5 reasons your fleet needs telematics

 In Fleet Management

From running a local car-sharing service to managing a public utility truck fleet, there is little room for inefficiency. Vehicle telematics goes back more than a decade and has presented companies with a suite of benefits mostly in the form of reduced operational costs and improved productivity. And the outlook is positive. Fleet telematics is growing at a steady 10-15% yearly rate and forecasts estimate the market will be worth $103 billion by 2022. Societal and technological trends – such as personal mobility on the rise, emerging shopping behaviors, and increased data processing power – support fleet telematics to gain ground.

Adoption of telematics for fleet management is motivated by more than economic reasons. Alongside the data they produce, telematics tracking systems enable fleet managers to improve vehicle and driver performance, better utilize assets and resources, lower the negative impact on the environment, and eliminate human error for improved decision-makingFleet telematics can have an even stronger impact in regions where environmental issues and road safety are particularly critical (for instance Asia Pacific), and the benefits of fleet tracking technology soar when coupled with the adoption of electric vehicles. You can read more about the benefits of telematics for electric vehicles here.

Here are 5 main benefits of using telematics for fleet management.

1. Reduce vehicle acquisition costs

A report by the European Automobile Manufacturers Association shows the average vehicle age for a commercial vehicle in Europe is 12 years old, not far from the average age of light vehicles in the US (11.6 years). But since cars within a fleet can be employed with different frequencies, replacement policies rely more on the vehicle condition than actual age. Driving practices carry great influence over the wear and tear of a vehicle.

Fleet managers can use telematics insights to understand sub-optimal driving patterns (such as excessive braking) in order to improve behaviors and reduce the wear of vehicle parts, which in turn allows for longer fleet replacement cycles. Furthermore, using GPS tracking and vehicle mapping, fleet managers can plan routes more efficiently, by allocating fewer resources to meet business goals and thus reducing their total cost of ownership.

2. Manage fuel/charging and maintenance costs

Excessive idle time may be one of the biggest culprits when it comes to fuel waste or, in the case of plug-in cars, power loss.

Certain driving practices – like keeping the engine running while taking down notes or performing some administrative tasks – are so deeply rooted that drivers can become unaware of them.
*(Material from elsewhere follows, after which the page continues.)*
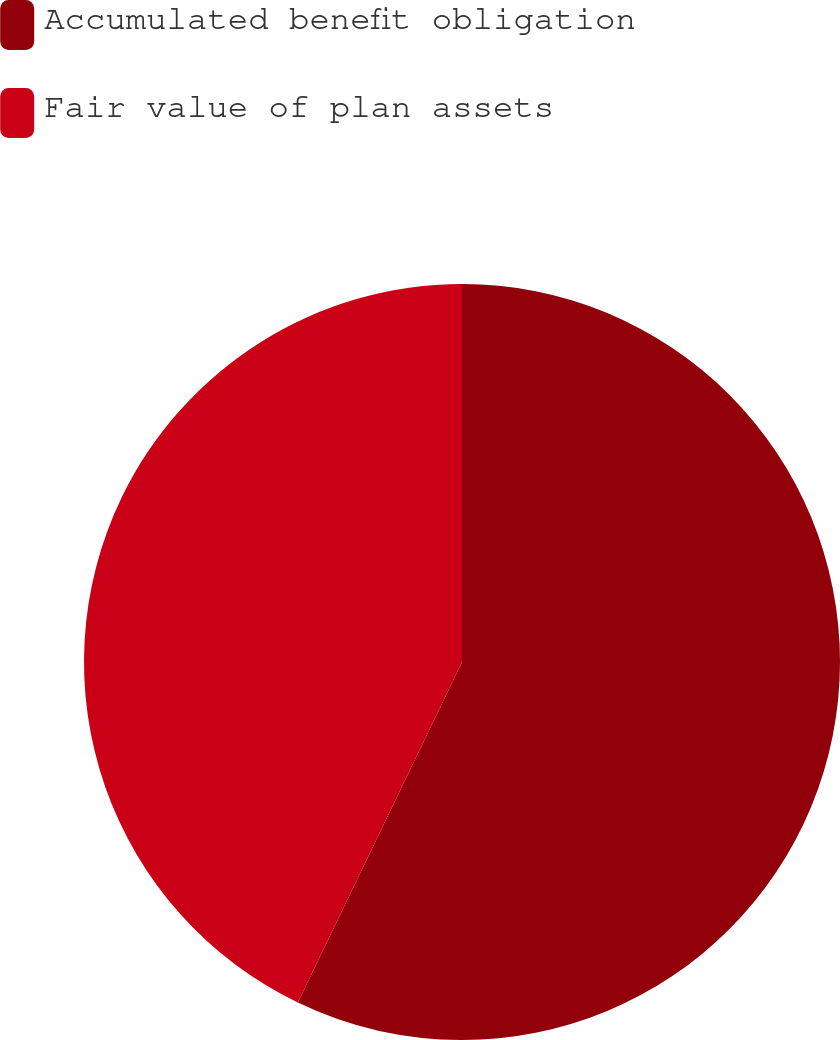Convert chart to OTSL. <chart><loc_0><loc_0><loc_500><loc_500><pie_chart><fcel>Accumulated benefit obligation<fcel>Fair value of plan assets<nl><fcel>57.15%<fcel>42.85%<nl></chart> 
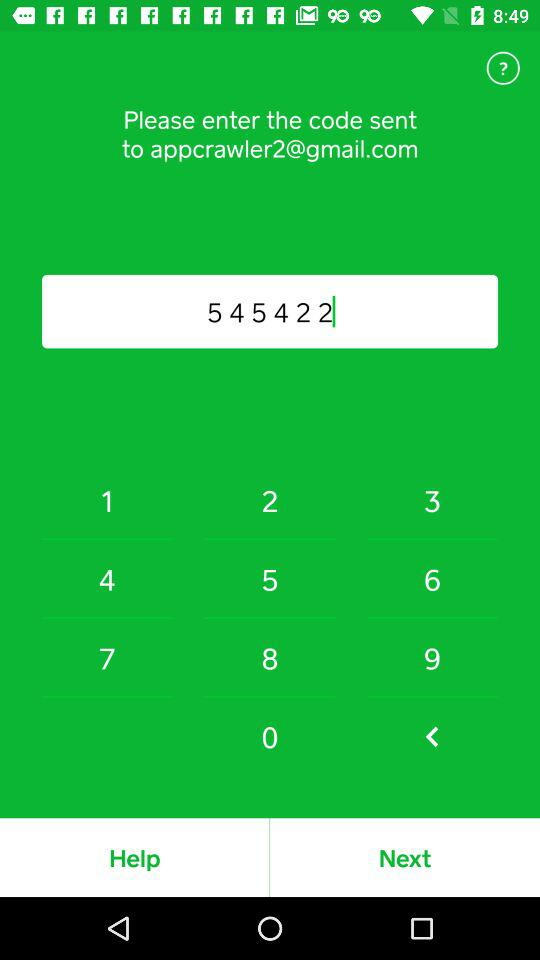What is the email address? The email address is appcrawler2@gmail.com. 
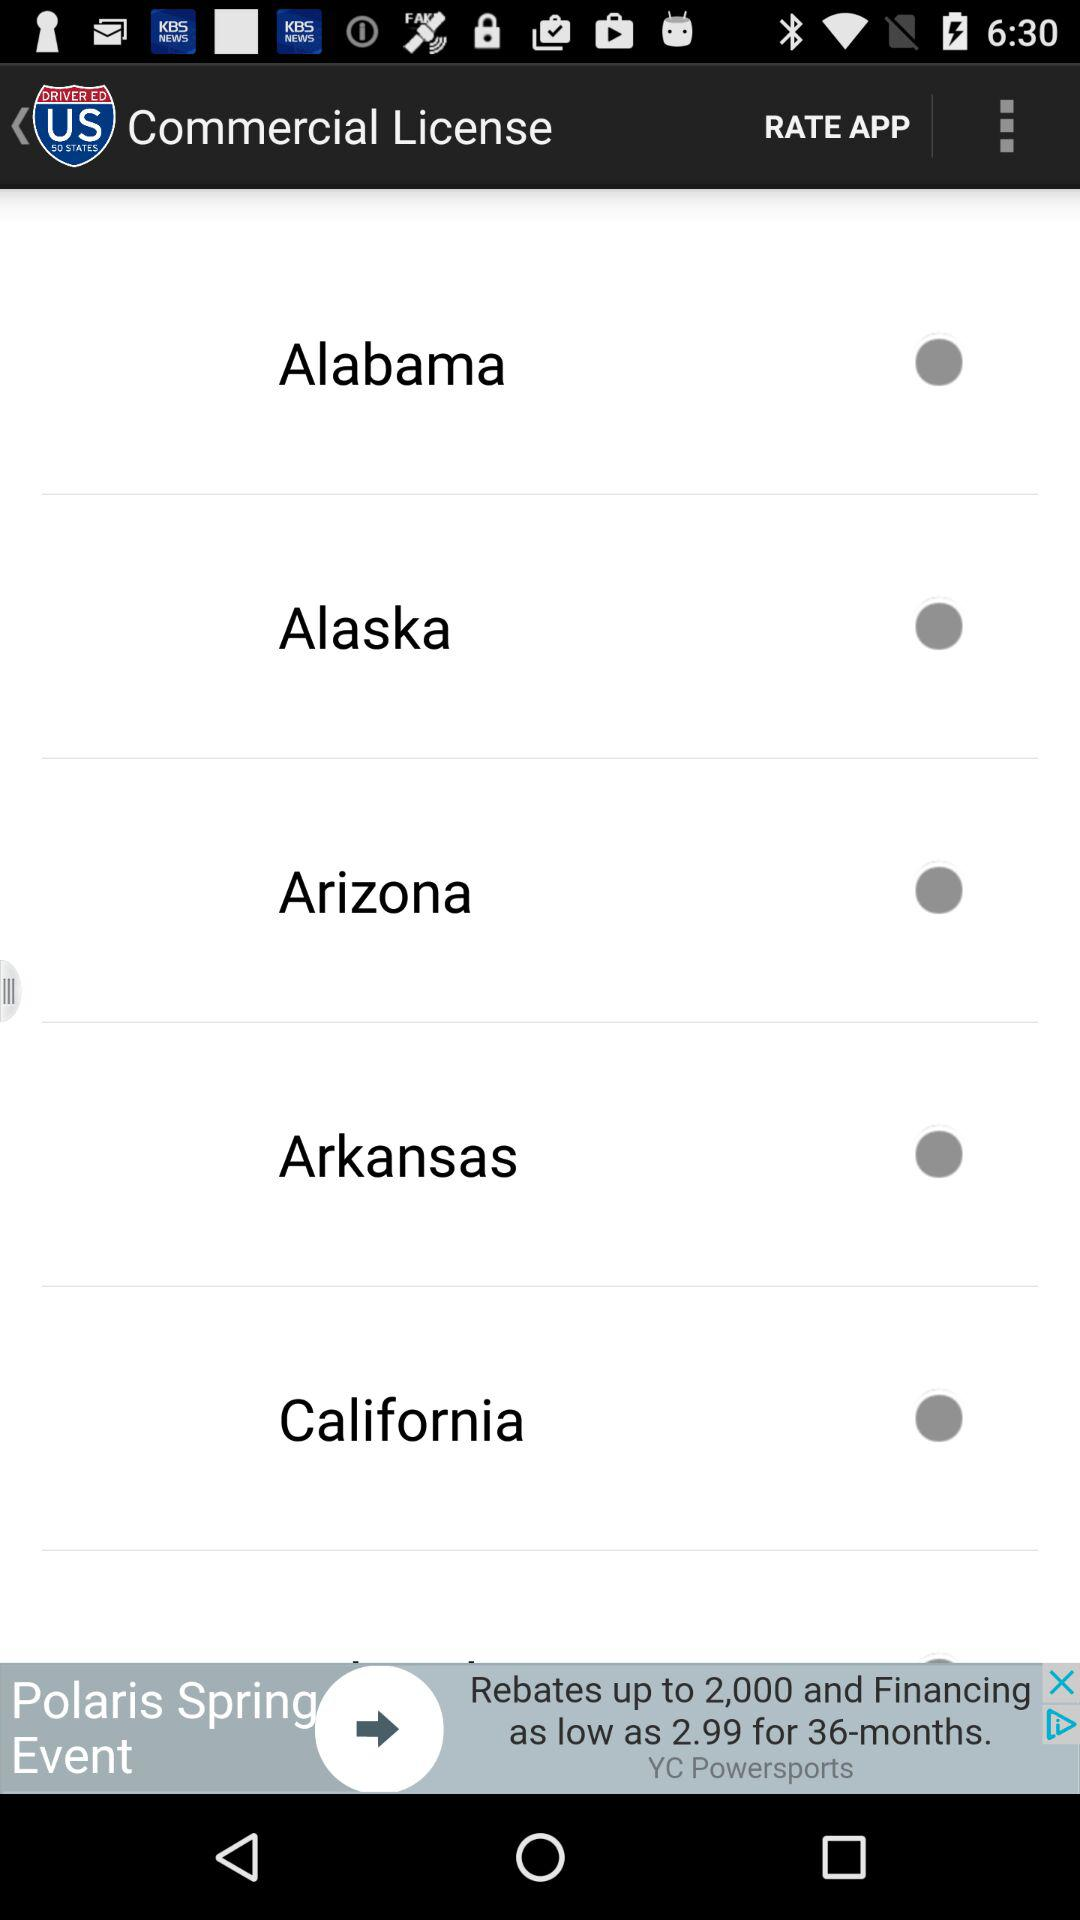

The effect they have on fuel and charging expenses are self-evident, but other costs, such as early maintenance, may be less apparent. Keeping a vehicle idle for long periods of time increases engine wear, so it should be minimized as much as possible.

Smarter route planning with the aid of telematics can help reduce idle time between journeys and reduce the frequency of very short trips which prevent the engine from operating at optimum temperature.

For electric vehicles, in particular, telematics allows fleet managers to monitor a range of factors such as battery health before such issues escalate.

3. Improve driver behavior

Telematics is sometimes referred to as the ‘big brother’ of fleet management, but a tracking system is key to increasing driver efficiency and productivity, as well as to correcting risky driving behaviors.

With commercial fleet accident at 20%, the personal and economic consequences are high for both drivers and company. Data gathered through telematics systems helps fleet managers mitigate risk for drivers and vehicles alike.

Interpreting driver behavioral data enables companies to identify and, with the help of big data, predict high-risk practices which can help design or improve company-wide safety programs.

4. Reduce greenhouse gas emissions and pollutants

A fleet driver travels, in a year, 40% more than a typical non-fleet driver. That amounts to a lot of time and fuel spent out on the road.

Telematics can help drivers curb pollution by identifying and alerting them about inefficient behavior that have a negative impact on fuel consumption. Furthermore, route optimization and fleet planning using GPS help reduce the amount the time fleet vehicles spend in traffic and hence the level of pollutant gases they release in the air.

The use of hybrid or electric vehicles helps reduce environmental impact but is not, by itself, sufficient. Route length and proximity of charging stations are problematic for EV drivers and can keep a car on the road longer than necessary.

Using GPS tracking and mapping charging stations proximity can help prevent plug-in vehicles from sitting in traffic or creating additional congestion and pollution.

5. Data-driven decision-making for fleet efficiency

Telematics permits fleet managers to gather large amounts of data about vehicle location, performance, driver behavior, fuel, and energy consumption, or internal parts errors.

Such data is highly valuable for fleet managers to evaluate fleet performance against business goals and take a proactive approach to tackle the issues of maintenance, consumption, and personnel.

Analyzing the many data points collected through fleet telematics systems, along with data from internal company systems or supplier data, enables fleet managers to make better decisions in the long run and become more operationally efficient.